======== RAW DATA ========

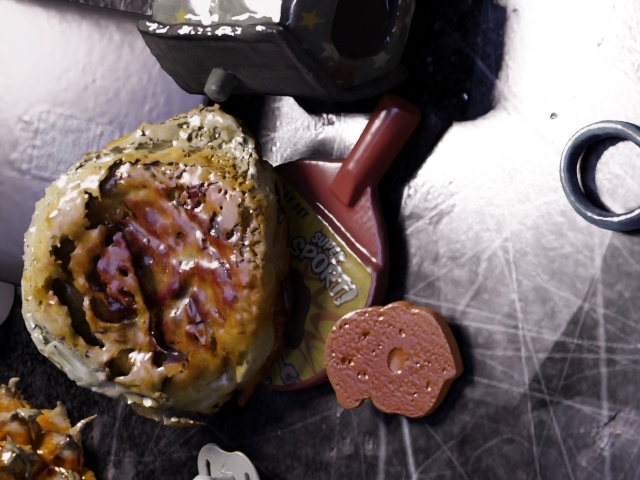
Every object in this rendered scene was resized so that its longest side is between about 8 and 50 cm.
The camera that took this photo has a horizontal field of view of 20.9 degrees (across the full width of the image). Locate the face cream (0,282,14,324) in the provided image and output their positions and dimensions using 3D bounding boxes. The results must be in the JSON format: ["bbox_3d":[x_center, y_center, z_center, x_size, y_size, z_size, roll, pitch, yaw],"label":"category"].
[{"bbox_3d":[-0.445,0.049,1.934,0.214,0.096,0.096,5,88,42],"label":"face cream"}]

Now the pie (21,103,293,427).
[{"bbox_3d":[-0.156,0.029,1.615,0.308,0.085,0.308,2,97,17],"label":"pie"}]

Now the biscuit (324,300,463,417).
[{"bbox_3d":[0.064,0.104,1.516,0.130,0.019,0.102,-3,94,29],"label":"biscuit"}]

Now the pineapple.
[{"bbox_3d":[-0.370,0.249,1.719,0.344,0.286,0.209,49,116,32],"label":"pineapple"}]

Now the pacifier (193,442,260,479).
[{"bbox_3d":[-0.095,0.230,1.626,0.083,0.064,0.068,13,111,42],"label":"pacifier"}]

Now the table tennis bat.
[{"bbox_3d":[0.000,0.000,1.591,0.200,0.038,0.310,47,118,32],"label":"table tennis bat"}]

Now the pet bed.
[{"bbox_3d":[-0.036,-0.194,1.545,0.211,0.183,0.159,11,90,42],"label":"pet bed"}]

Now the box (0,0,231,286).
[{"bbox_3d":[-0.237,-0.088,1.726,0.289,0.073,0.290,12,93,21],"label":"box"}]

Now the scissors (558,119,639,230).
[{"bbox_3d":[0.343,0.010,1.287,0.256,0.029,0.383,-43,57,29],"label":"scissors"}]
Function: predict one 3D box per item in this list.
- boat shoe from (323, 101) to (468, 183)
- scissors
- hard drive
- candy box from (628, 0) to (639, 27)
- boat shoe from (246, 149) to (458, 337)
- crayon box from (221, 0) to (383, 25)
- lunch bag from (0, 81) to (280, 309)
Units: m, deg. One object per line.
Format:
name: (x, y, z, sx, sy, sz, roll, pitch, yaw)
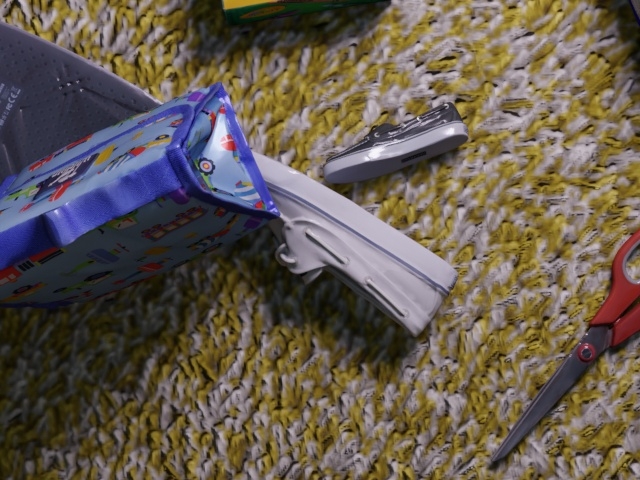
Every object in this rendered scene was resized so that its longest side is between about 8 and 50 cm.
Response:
boat shoe: (0.067, -0.091, 1.504, 0.142, 0.049, 0.040, -18, 71, -3)
scissors: (0.257, 0.086, 1.518, 0.297, 0.021, 0.109, -34, 92, 0)
hard drive: (-0.251, -0.089, 1.490, 0.255, 0.054, 0.172, 27, 89, -1)
candy box: (0.451, -0.256, 1.474, 0.317, 0.122, 0.268, -22, 89, 0)
boat shoe: (0.000, 0.000, 1.474, 0.258, 0.095, 0.084, 30, 84, 0)
crayon box: (-0.031, -0.352, 1.485, 0.165, 0.081, 0.278, -9, 90, -1)
lunch bag: (-0.177, -0.020, 1.305, 0.221, 0.293, 0.138, -23, 95, 9)
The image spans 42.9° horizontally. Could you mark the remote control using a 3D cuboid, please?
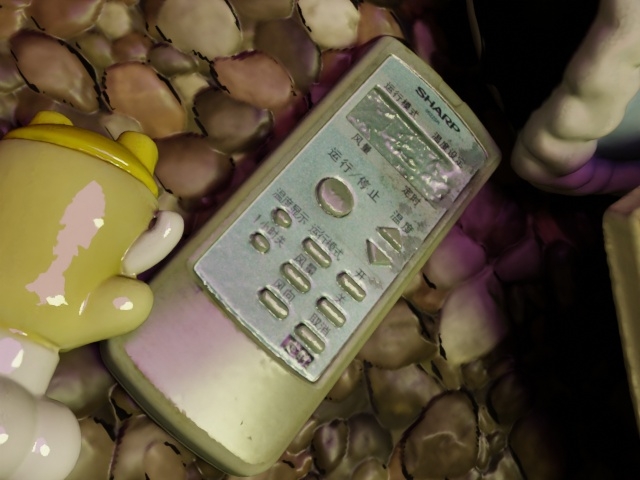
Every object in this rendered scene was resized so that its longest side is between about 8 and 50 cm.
[{"bbox_3d":[0.000,0.000,0.403,0.098,0.038,0.233,45,63,-9],"label":"remote control"}]

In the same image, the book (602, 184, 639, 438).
[{"bbox_3d":[0.272,0.104,0.440,0.262,0.028,0.374,-27,109,-27],"label":"book"}]

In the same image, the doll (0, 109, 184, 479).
[{"bbox_3d":[-0.120,0.023,0.325,0.106,0.062,0.163,15,67,9],"label":"doll"}]

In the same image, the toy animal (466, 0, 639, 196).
[{"bbox_3d":[0.177,-0.139,0.447,0.204,0.156,0.208,2,73,-28],"label":"toy animal"}]
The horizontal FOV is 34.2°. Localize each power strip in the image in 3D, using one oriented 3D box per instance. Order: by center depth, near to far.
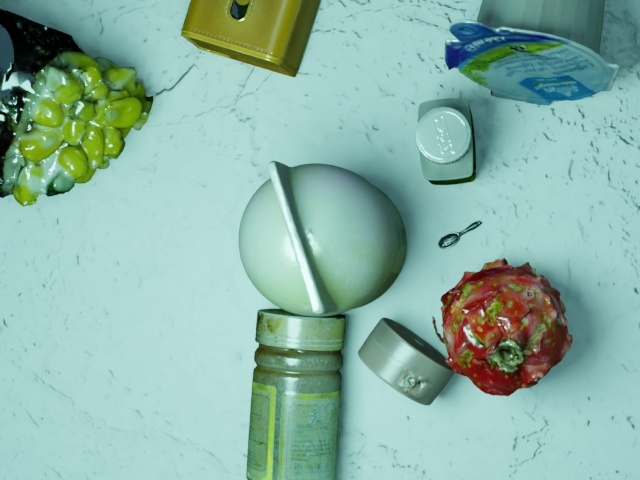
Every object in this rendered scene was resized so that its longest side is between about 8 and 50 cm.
[{"bbox_3d":[0.142,0.198,1.710,0.154,0.154,0.078,37,96,9],"label":"power strip"}]

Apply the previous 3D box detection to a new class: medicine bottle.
[{"bbox_3d":[0.000,0.000,1.612,0.235,0.406,0.236,0,89,10],"label":"medicine bottle"},{"bbox_3d":[0.204,-0.160,1.688,0.088,0.188,0.132,-3,89,10],"label":"medicine bottle"},{"bbox_3d":[-0.042,0.281,1.744,0.151,0.151,0.323,4,90,10],"label":"medicine bottle"}]

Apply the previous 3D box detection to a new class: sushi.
[{"bbox_3d":[-0.470,-0.195,1.751,0.285,0.328,0.329,32,93,-2],"label":"sushi"}]

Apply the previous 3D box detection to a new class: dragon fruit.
[{"bbox_3d":[0.290,0.143,1.630,0.205,0.268,0.210,-29,98,10],"label":"dragon fruit"}]

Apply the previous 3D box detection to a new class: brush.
[{"bbox_3d":[0.237,-0.010,1.770,0.083,0.008,0.024,-30,81,9],"label":"brush"}]

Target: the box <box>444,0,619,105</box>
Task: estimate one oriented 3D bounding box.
[{"bbox_3d":[0.328,-0.365,1.642,0.291,0.262,0.206,22,73,-30],"label":"box"}]

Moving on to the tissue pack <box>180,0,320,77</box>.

========

■ **TO DO**
Wherever a line of the data holds "from", copy that line.

■ **ANSWER FOR THIS EXERCISE**
- boat shoe from (323, 101) to (468, 183)
- candy box from (628, 0) to (639, 27)
- boat shoe from (246, 149) to (458, 337)
- crayon box from (221, 0) to (383, 25)
- lunch bag from (0, 81) to (280, 309)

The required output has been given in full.